Obviously, this approach is also feasible in MYSQL. However, when we need to insert data in batches, such statements will cause performance problems. For example, if you need to insert 100,000 pieces of data, then you will need 100,000 insert statements, each of which needs to be submitted to the relational engine for parsing and optimization before it can reach the storage engine to do the actual insertion work.

It is precisely because of the performance bottleneck problem that the MYSQL official documentation mentions the use of batch insertion, that is, inserting multiple values ​​in one INSERT statement. Right now,

INSERT INTO TBL_TEST (id) VALUES (1), (2), (3)

This approach can indeed help speed up batch insertion. The reason is not difficult to understand. Since fewer INSERT statements are submitted to the server, the network load is reduced. The most important thing is that the parsing and optimization time seems to increase, but in fact, the number of data rows affected is much greater. So the overall performance is improved. According to some claims on the Internet, this method can improve efficiency by dozens of times.

However, I have also seen several other methods on the Internet, such as preprocessing SQL and batch submission. So how do these methods perform? This article will compare these methods.

2. Comparison of Environment and Methods
My environment is pretty poor, basically it's just a backward virtual machine. It has only 2 cores and 6G of memory. The operating system is SUSI Linux and the MYSQL version is 5.6.15.

As you can imagine, the performance of this machine caused my TPS to be very low, so all the data below is meaningless, but the trend is different, it can show the performance trend of the entire insertion.

Due to the characteristics of our business, the table we use is very large, with a total of 195 fields, and when fully written (each field is fully filled, including varchar), it will be slightly less than 4KB in size. Generally speaking, the size of a record is 3KB.

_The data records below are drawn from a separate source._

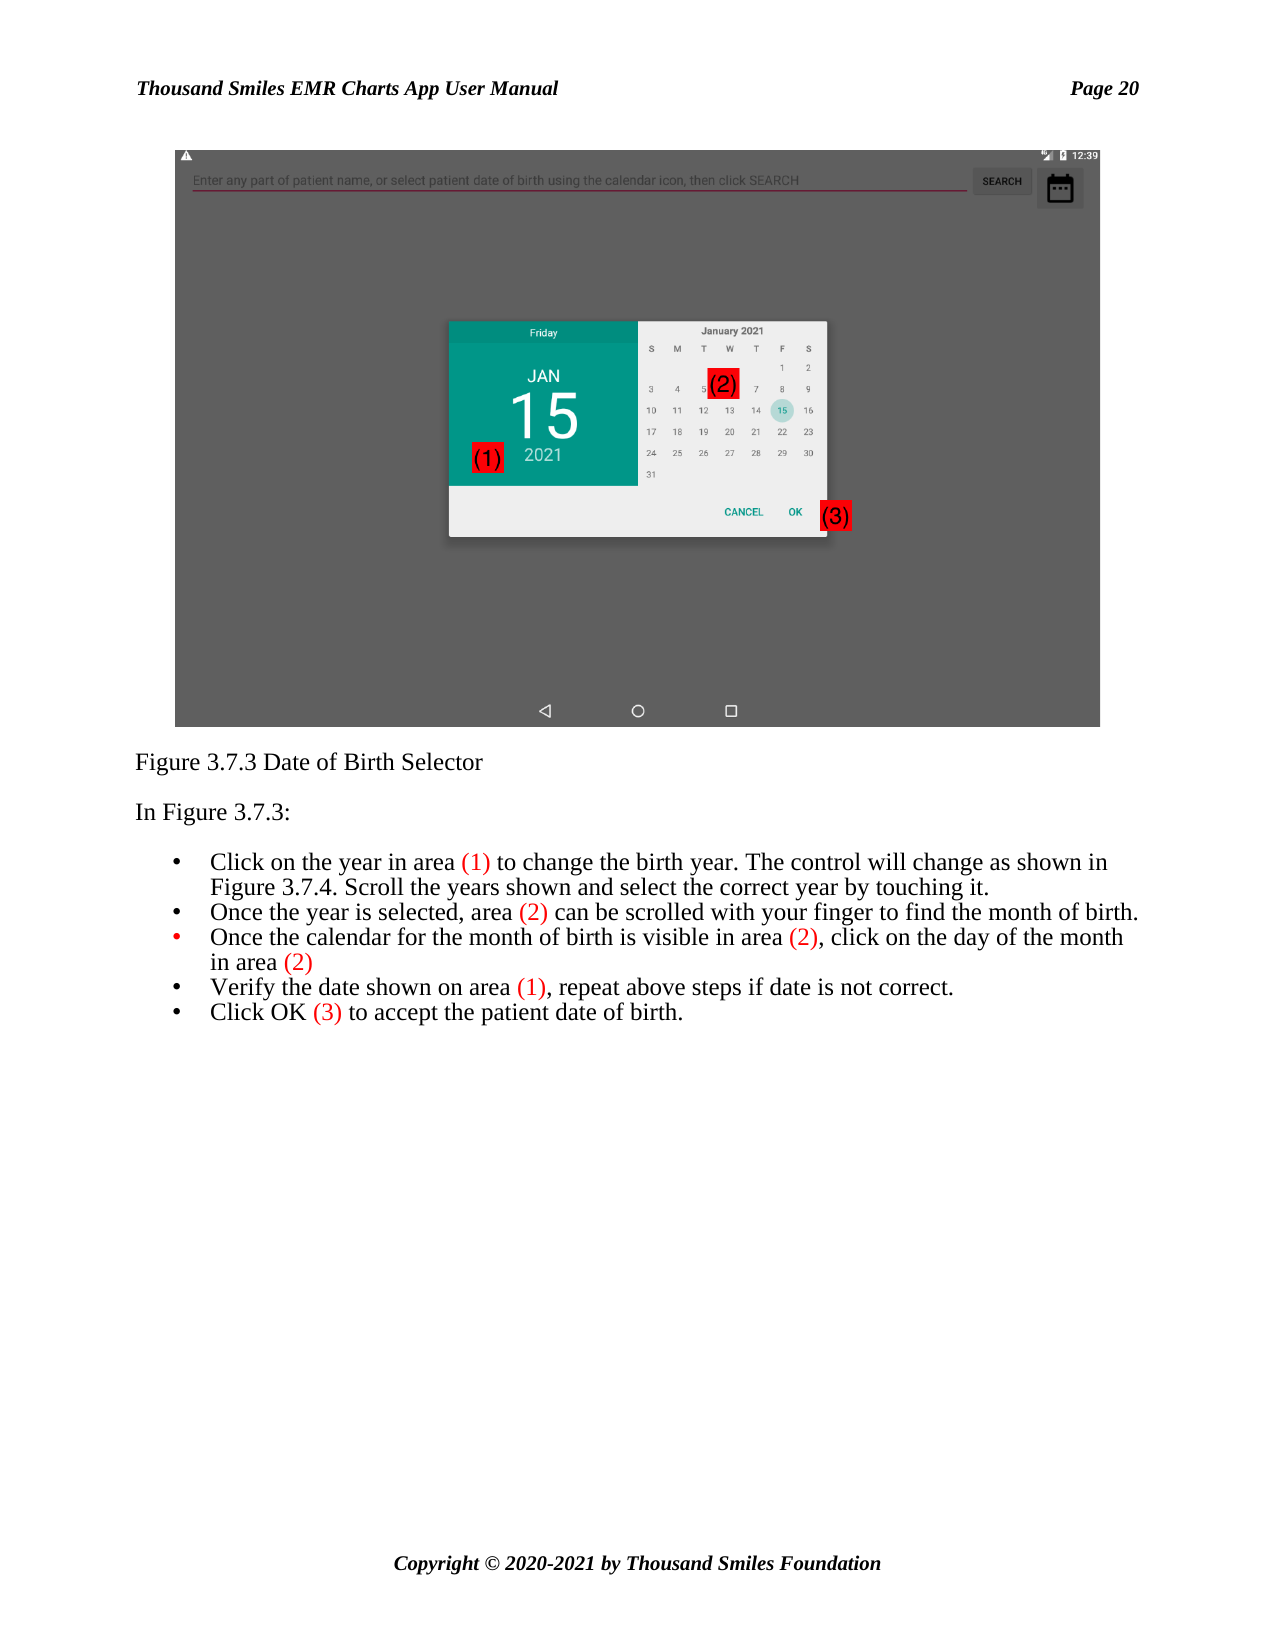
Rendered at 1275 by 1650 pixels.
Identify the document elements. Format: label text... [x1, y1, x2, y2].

picture [175, 150, 1100, 727]
list Click OK (3) to accept the patient date of birth. [172, 1000, 1140, 1025]
list Once the year is selected, area (2) can be scrolled with your finger to find the month of birth. [172, 900, 1140, 925]
text In Figure 3.7.3: [135, 800, 1140, 825]
list Verify the date shown on area (1), repeat above steps if date is not correct. [172, 975, 1140, 1000]
list Once the calendar for the month of birth is visible in area (2), click on the day of the month in area (2) [172, 925, 1140, 975]
list Click on the year in area (1) to change the birth year. The control will change as shown in Figure 3.7.4. Scroll the years shown and select the correct year by touching it. [172, 850, 1140, 900]
text Figure 3.7.3 Date of Birth Selector [135, 750, 1140, 775]

Because of our actual experience, we are sure that by submitting a large number of INSERT statements in a single transaction can significantly improve performance. Therefore, all the following tests are based on the practice of committing every time 5,000 records are inserted.

Finally, it should be noted that all the tests below were performed using the MYSQL C API and the INNODB storage engine was used.

3. Comparison Method

Ideal Type Testing (I) - Comparison of Methods

Purpose: Find the most appropriate insertion mechanism under ideal circumstances

Key methods:

1. Each process/thread inserts in the order of primary key

2. Comparison of different insertion methods

3. Compare the impact of different numbers of processes/threads on insertion

image

*“Normal method” refers to the case where an INSERT statement inserts only one VALUE.

* "Prepared SQL" refers to the case where the preprocessed MYSQL C API is used.

* "Multi-table value SQL (10 records)" means inserting 10 records using one INSERT statement. Why 10? Subsequent verification tells us that this method has the highest performance.

Conclusion,It is obvious that from the trend of the three methods, the multi-table value SQL (10 items) method is the most efficient.

Ideal Test (II) - Comparison of the number of SQL statements with multiple table values

image

Obviously, as the amount of data increases, inserting 10 records per INSERT statement is the most efficient approach.

Ideal Test (III) - Comparison of Connection Numbers

image

image

Conclusion: Performance is highest when the number of connections and operations is twice the number of CPU cores

General testing - testing based on our business volume

Purpose: What is the best insertion mechanism for common transaction situations?

Key methods:

1. Simulate production data (about 3KB per record)

2. Each thread inserts the primary key out of order

image

Obviously, if the data is inserted out of order according to the primary key, the performance will drop sharply. This is actually consistent with the phenomenon shown by the internal implementation principle of INNODB. But it is still certain that the case of multi-table value SQL (10 items) is the best.

Stress Testing

Purpose: Best insertion mechanism for extreme trading situations?

Key methods:

1. Fill each field of the data row (each record is about 4KB)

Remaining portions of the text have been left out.